医学 内科学 心脏病学 烟雾病 糖尿病 优势比 狭窄 闭塞 相伴的 内分泌学
作者
Tae Keun Jee,Je Young Yeon,Sung Mok Kim,Oh Young Bang,Jong Soo Kim,Seung‐Chyul Hong
出处
期刊:Journal of the American Heart Association [Ovid Technologies (Wolters Kluwer)]
卷期号:9 (19) 被引量:20
标识
DOI:10.1161/jaha.120.016670
摘要

Background RNF213 is a major susceptibility gene for moyamoya disease (MMD), characterized by chronic progressive steno‐occlusion of the intracranial arteries. However, coincidental extracranial arteriopathy is sporadically described in a few cases and in children with MMD. Methods and Results This study prospectively enrolled 63 young adults (aged 20–49 years) without a known history of systemic vascular diseases who were confirmed to have definite (bilateral, n=54) or probable (unilateral, n=9) MMD, as per typical angiographic findings.

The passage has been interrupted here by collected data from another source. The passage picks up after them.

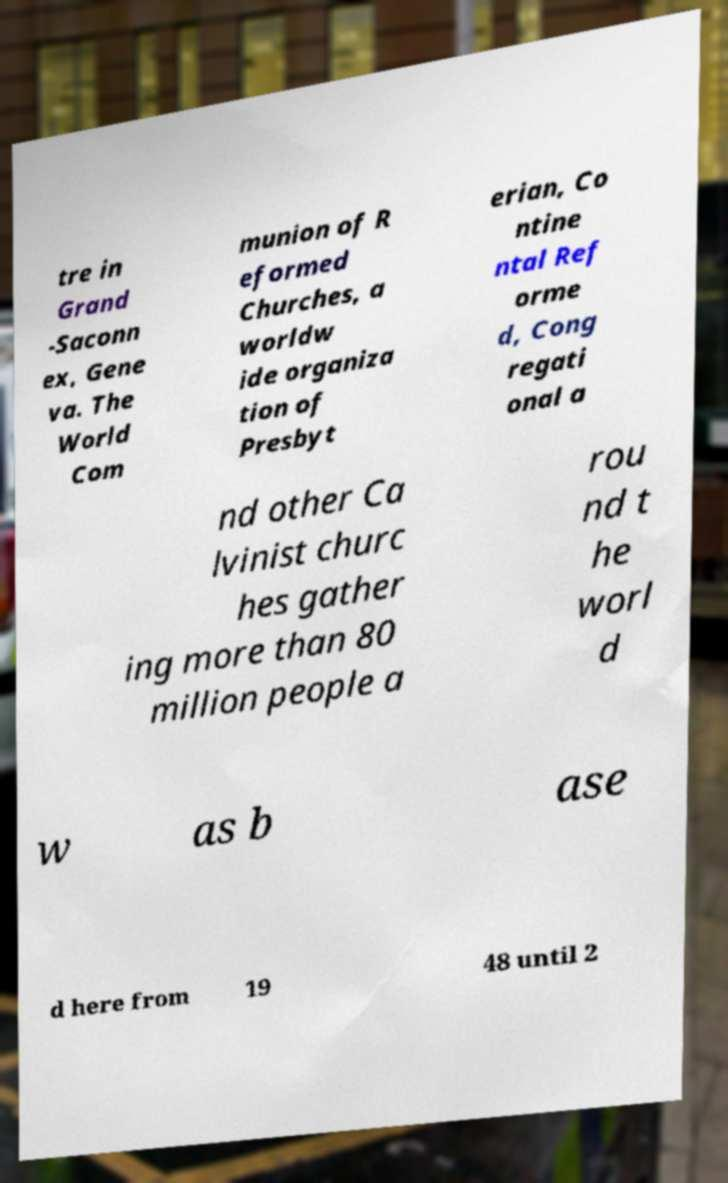What messages or text are displayed in this image? I need them in a readable, typed format. tre in Grand -Saconn ex, Gene va. The World Com munion of R eformed Churches, a worldw ide organiza tion of Presbyt erian, Co ntine ntal Ref orme d, Cong regati onal a nd other Ca lvinist churc hes gather ing more than 80 million people a rou nd t he worl d w as b ase d here from 19 48 until 2 
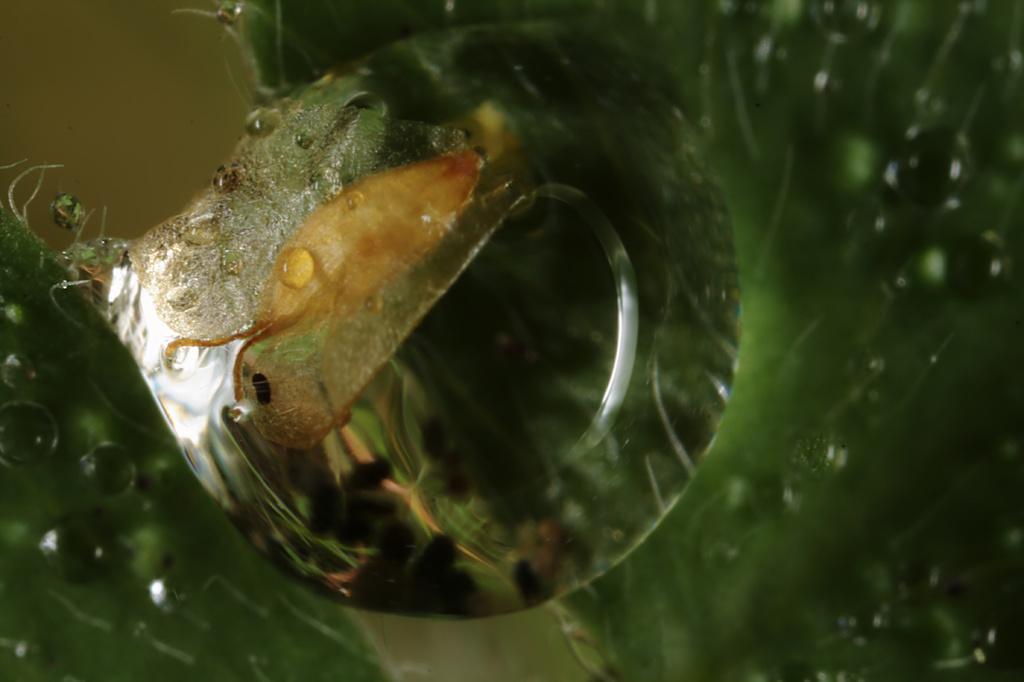Describe this image in one or two sentences. In this image we can see a green color object with water droplets. 
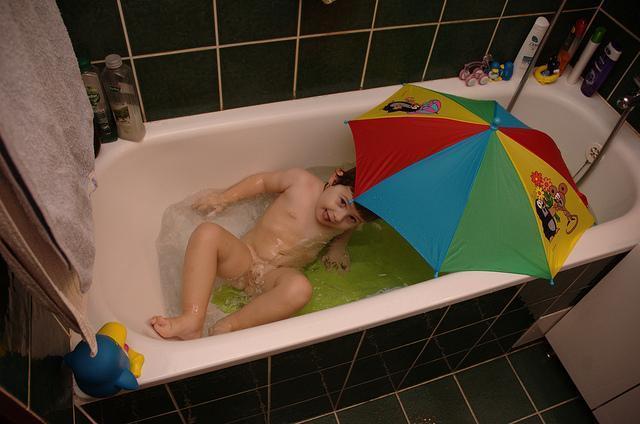How many colors are on the umbrella?
Give a very brief answer. 4. How many umbrellas are visible?
Give a very brief answer. 1.

Coronary and aorta computed tomography angiography was performed to characterize extracranial arteriopathy and investigate its correlation with clinical characteristics and MMD status, including the RNF213 p.Arg4810Lys variation (c.14429G>A, rs112735431). Altogether, 11 of 63 patients (17%) had significant (>50%) stenosis in the coronary (n=6), superior mesenteric (n=2), celiac (n=2), renal (n=1), and/or internal iliac artery (n=1). One patient showed both mesenteric and iliac artery stenosis. Patients with extracranial arteriopathy were more likely to have diabetes mellitus and posterior cerebral artery involvement. Moreover, a higher prevalence of extracranial arteriopathy was observed in the presence of the RNF213 p.Arg4810Lys variant (67% in homozygotes). After controlling for diabetes mellitus and posterior cerebral artery involvement, the p.Arg4810Lys variant was independently associated with extracranial arteriopathy (additive model; P =0.035; adjusted odds ratio, 4.57; 95% CI, 1.11–27.20). Conclusions Young adults with MMD may have concomitant extracranial arteriopathy in various locations. Patients with RNF213 variants, especially the p.Arg4810Lys homozygous variant, should be screened for systemic arteriopathy.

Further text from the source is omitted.